INSTRUCTIONS TO FOLLOW
In the listing below, locate the line with "<formula> <loc_0><loc_0><loc_500><loc_500>\kappa _" and the line with "Convert formula to", then output both and everything between them exactly, minus any pictures.

── MATERIAL TO PROCESS

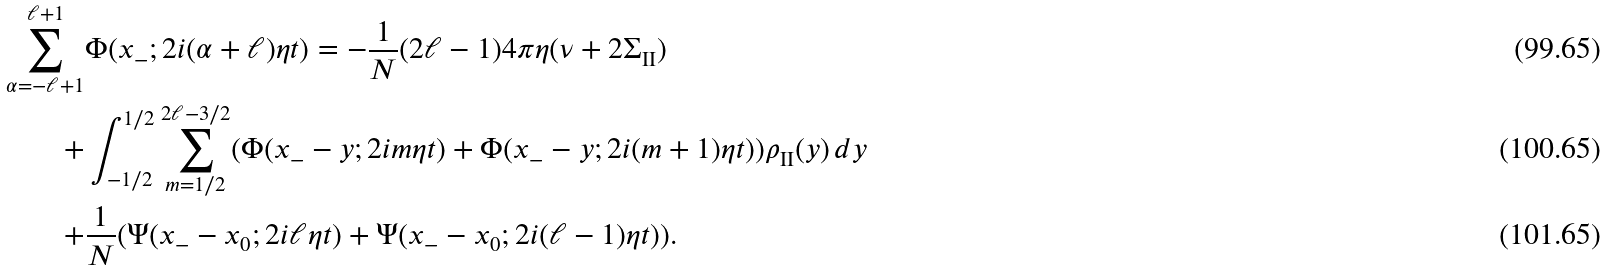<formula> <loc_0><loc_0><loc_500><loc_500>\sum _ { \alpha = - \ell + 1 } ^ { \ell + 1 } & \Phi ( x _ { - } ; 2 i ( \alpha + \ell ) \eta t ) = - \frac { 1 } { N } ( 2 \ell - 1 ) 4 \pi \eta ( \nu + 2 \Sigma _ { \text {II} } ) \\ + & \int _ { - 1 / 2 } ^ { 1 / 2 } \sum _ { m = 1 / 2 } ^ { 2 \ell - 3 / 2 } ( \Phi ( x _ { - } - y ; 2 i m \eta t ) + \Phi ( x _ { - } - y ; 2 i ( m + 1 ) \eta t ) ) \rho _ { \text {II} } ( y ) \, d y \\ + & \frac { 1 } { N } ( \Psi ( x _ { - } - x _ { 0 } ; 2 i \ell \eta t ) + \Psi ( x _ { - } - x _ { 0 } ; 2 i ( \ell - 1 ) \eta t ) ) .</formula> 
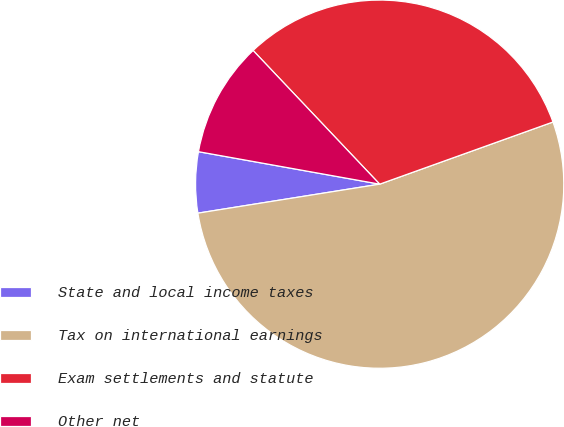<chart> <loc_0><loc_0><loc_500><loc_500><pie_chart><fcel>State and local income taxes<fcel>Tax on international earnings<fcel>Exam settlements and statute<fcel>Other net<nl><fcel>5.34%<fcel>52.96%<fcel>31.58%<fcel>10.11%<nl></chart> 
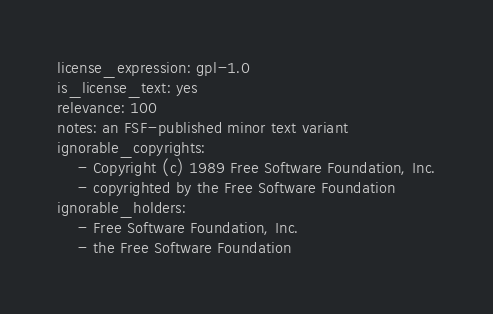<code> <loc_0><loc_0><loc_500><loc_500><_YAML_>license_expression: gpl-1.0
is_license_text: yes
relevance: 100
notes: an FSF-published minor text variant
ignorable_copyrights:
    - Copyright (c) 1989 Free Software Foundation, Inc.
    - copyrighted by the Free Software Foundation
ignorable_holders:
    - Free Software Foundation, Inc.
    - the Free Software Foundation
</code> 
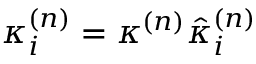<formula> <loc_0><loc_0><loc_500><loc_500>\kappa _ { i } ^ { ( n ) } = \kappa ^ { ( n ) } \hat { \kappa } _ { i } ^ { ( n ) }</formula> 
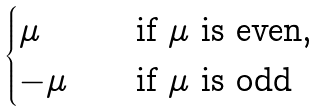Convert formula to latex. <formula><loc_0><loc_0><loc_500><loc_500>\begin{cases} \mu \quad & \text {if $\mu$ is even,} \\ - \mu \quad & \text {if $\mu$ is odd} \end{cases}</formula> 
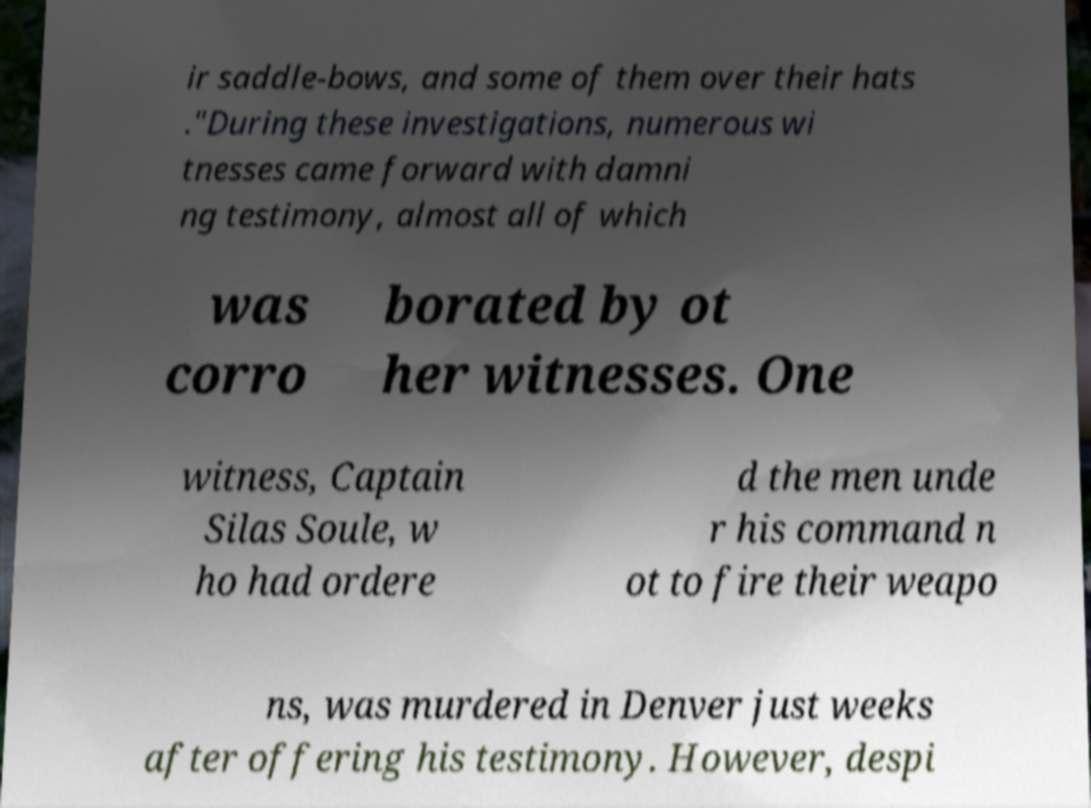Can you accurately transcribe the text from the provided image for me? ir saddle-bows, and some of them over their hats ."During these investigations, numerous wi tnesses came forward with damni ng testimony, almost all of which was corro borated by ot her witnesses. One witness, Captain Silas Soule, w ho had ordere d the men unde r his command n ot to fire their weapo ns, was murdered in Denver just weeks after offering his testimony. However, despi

────

RESPONSE TO THE TASK
<formula> <loc_0><loc_0><loc_500><loc_500>\kappa _ { i } ^ { ( n ) } = \kappa ^ { ( n ) } \hat { \kappa } _ { i } ^ { ( n ) }</formula> 
Convert formula to latex. <formula><loc_0><loc_0><loc_500><loc_500>\begin{cases} \mu \quad & \text {if $\mu$ is even,} \\ - \mu \quad & \text {if $\mu$ is odd} \end{cases}</formula> 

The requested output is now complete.